Re: Droga ku Zaavral

121
Aradieli nie pozostało nic jak podporządkować się wyrokom magii. Cóż, skoro zawyrokowała ona karę dożywotniego więzienia, to być może Kasir był winny? Choć wydawało się jej to nieprawdopodobne, to oto wyrok zapadł, a samej elfce wydawało się, że oto stała się właśnie jednym z wrogów publicznych jej ludu, występując w roli adwokata demona. Czyż jednak mogło być inaczej? Polityczne przepychanki, walki o władzę, tym żyły Wysokie Elfy. Wyglądało na to, że nic nie miało się zmienić. Aradiela spuściła wzrok, oczekując nieuniknionego.
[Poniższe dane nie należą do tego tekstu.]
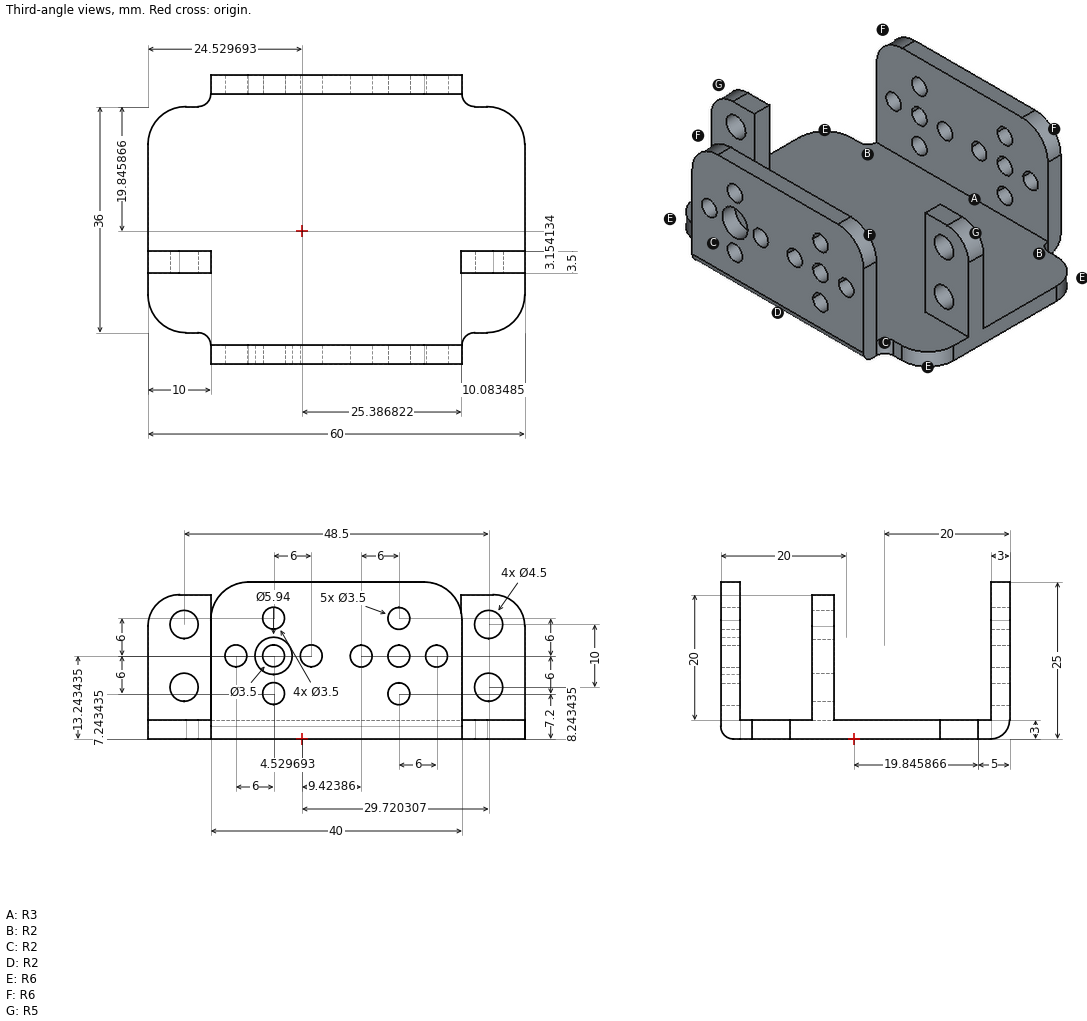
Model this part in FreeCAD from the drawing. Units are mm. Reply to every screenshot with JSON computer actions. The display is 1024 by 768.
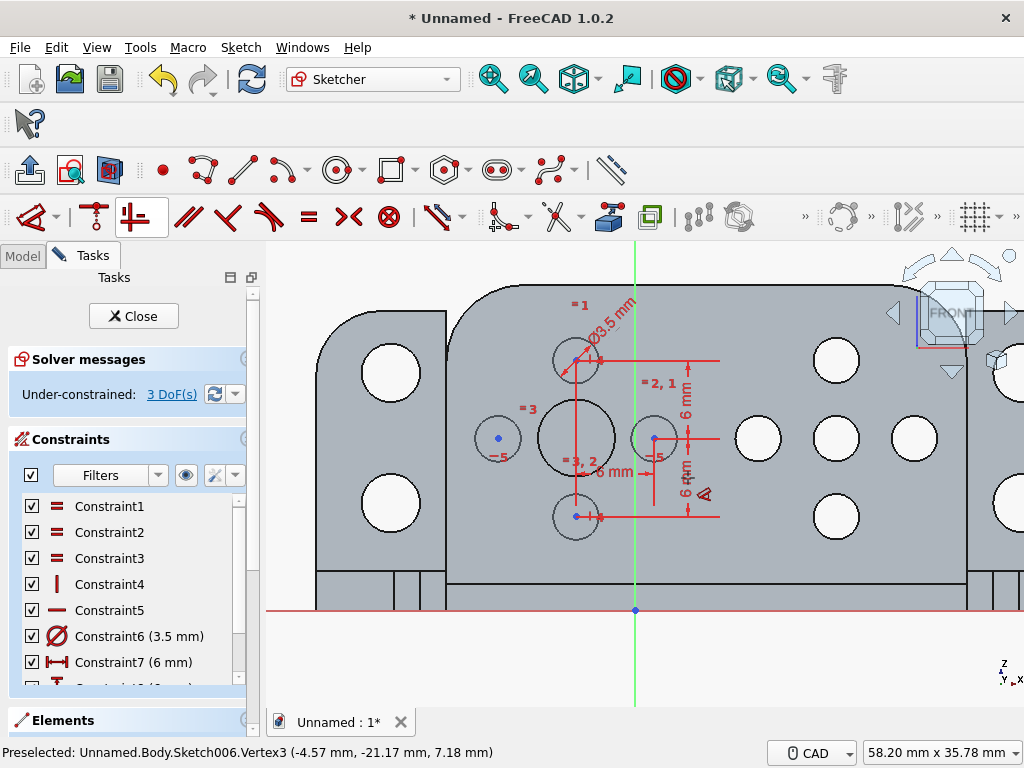
{"action": "left_click", "coordinate": [576, 517]}

Z drugiej jednak strony, cicho liczyła na to, że Alvair po tym wszystkim co miało miejsce, nie odważy się na ogłoszenie zaręczyn. Spodziewała się raczej, że będzie wściekły i da sobie spokój ze ślubem z taką "wariatką" jak ona, ale nic takiego nie miało miejsca. Zaręczyny zostały oficjalnie ogłoszone, choć bez powszechnego aplauzu. Prawdopodobnie oto Alvair został właśnie przywódcą całej ich gromady. Elfka pozostała jeszcze chwilę na miejscu, oczekując rozwoju wypadków, choć sama nie wiedziała co mogło się dziać. Gratulacje z okazji zaręczyn? Wątpiła. W każdym razie nie wypadało jej teraz odejść. Pozostała więc jeszcze chwilę na swoim miejscu, a jeśli nic się dziać nie miało, udała się do siebie, na spoczynek. Jutro mieli ruszyć nad jezioro. A może jeszcze dziś? Alvair obecnie stał się bohaterem ludu odkrywając zdrajcę i złowrogie zapędy Kasira, decyzja najpewniej należała do niego.

Re: Droga ku Zaavral

122
/ dla Skove /

Niespodziewany widok zaskoczył ją. Chwila pogrążonej w ciszy przerywanej mlaśnięciami bosych stóp obserwacji wywołała pełznący wzdłuż kręgosłupa dreszcz, ni to obrzydzenia, ni strachu. Czarodziejka mimowolnie poszukała kontaktu wzrokowego z Aldra'ilem i Milvą, chcąc sprawdzić, czy i oni widzą dziwnego jegomościa. Wszak pośród tych ponurych, mięknących od deszczu i wszechwładnej entropii zgliszczy nietrudno było o majaki.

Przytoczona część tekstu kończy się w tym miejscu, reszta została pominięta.